Now it's quite hard to tell where the wall is and where the corridors are (okay, not too hard on this map, but on a larger map this would be tricky). We need to flood fill the wall areas to make this clearer. To do this pick the fuzzy select tool:


Make sure that sample merged is off. Now click within an area you want to fill. You should get a large area highlighted with a line of black and white 'marching ants' that should encompass the area you want to fill. If instead you get one square selected, then you've got the background layer selected rather than the Walls layer. Go to the layers dialogue and click the wals layer and try again. Now as we used the brush tool, our walls have a slightly soft edge to them. This means that the fuzzy select region doesn't quite go up to the wall lines. If we fill at this point then we'll get a thin line of white between the wall and the fill. So go to Select>Grow... and pick 2 pixels. This expands the selection to the middle of the wall lines.

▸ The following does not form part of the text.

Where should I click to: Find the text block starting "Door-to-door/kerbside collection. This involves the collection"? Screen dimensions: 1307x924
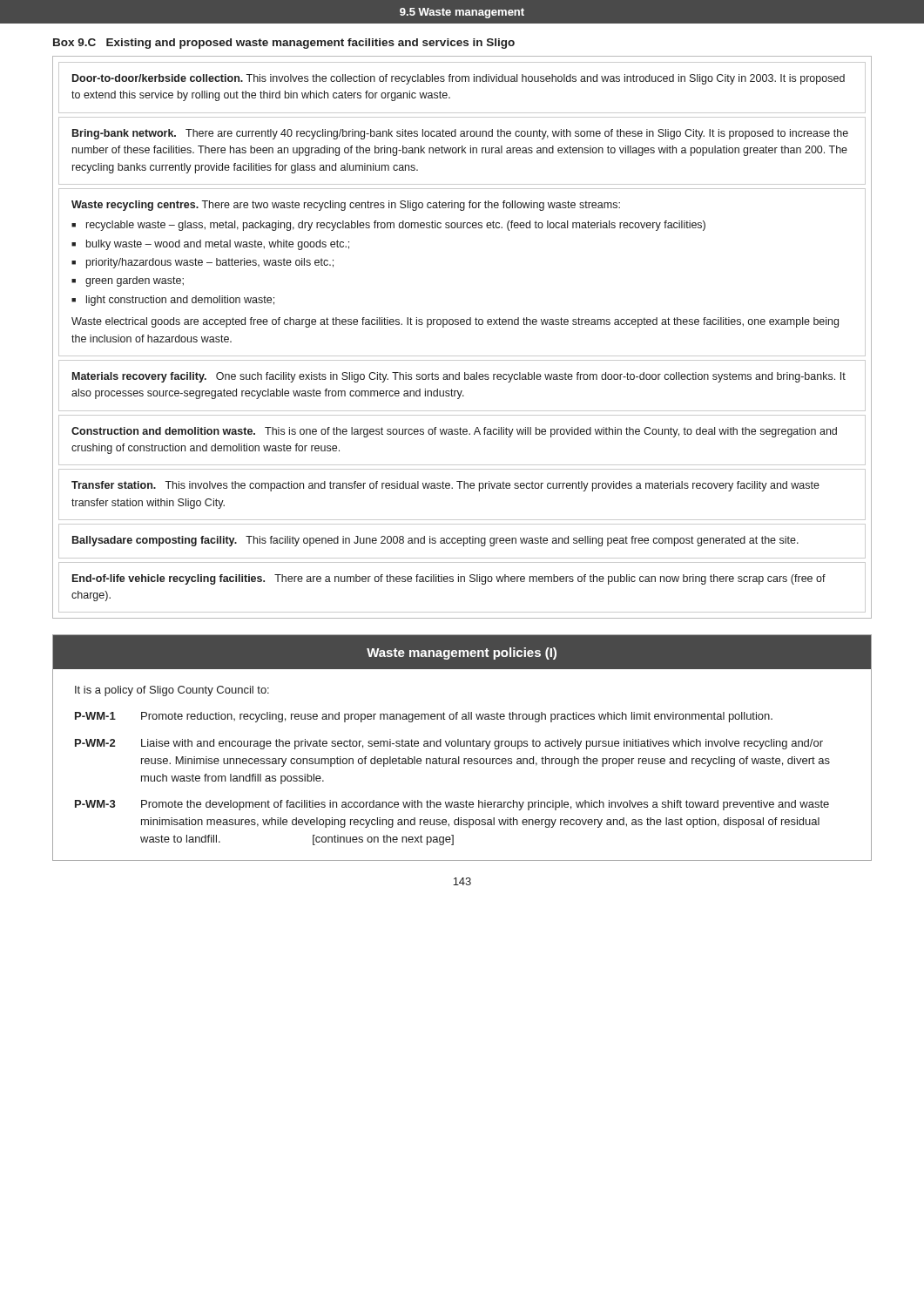coord(458,87)

Now go to Edit->Fill with foreground colour, or ctrl-, This should give you something like this:


This is starting to look a little better. Finish filling the walls in the same way.

Now we want to lay some internal walls that don't take up full 5' squares. Do this by switching back to the paintbrush tool and using the click, press-shift-and-drag, click method above to lay down internal walls. Don't worry about doors, we'll do that next.

Remember - if something goes wrong you can always hit ctrl-z to undo it.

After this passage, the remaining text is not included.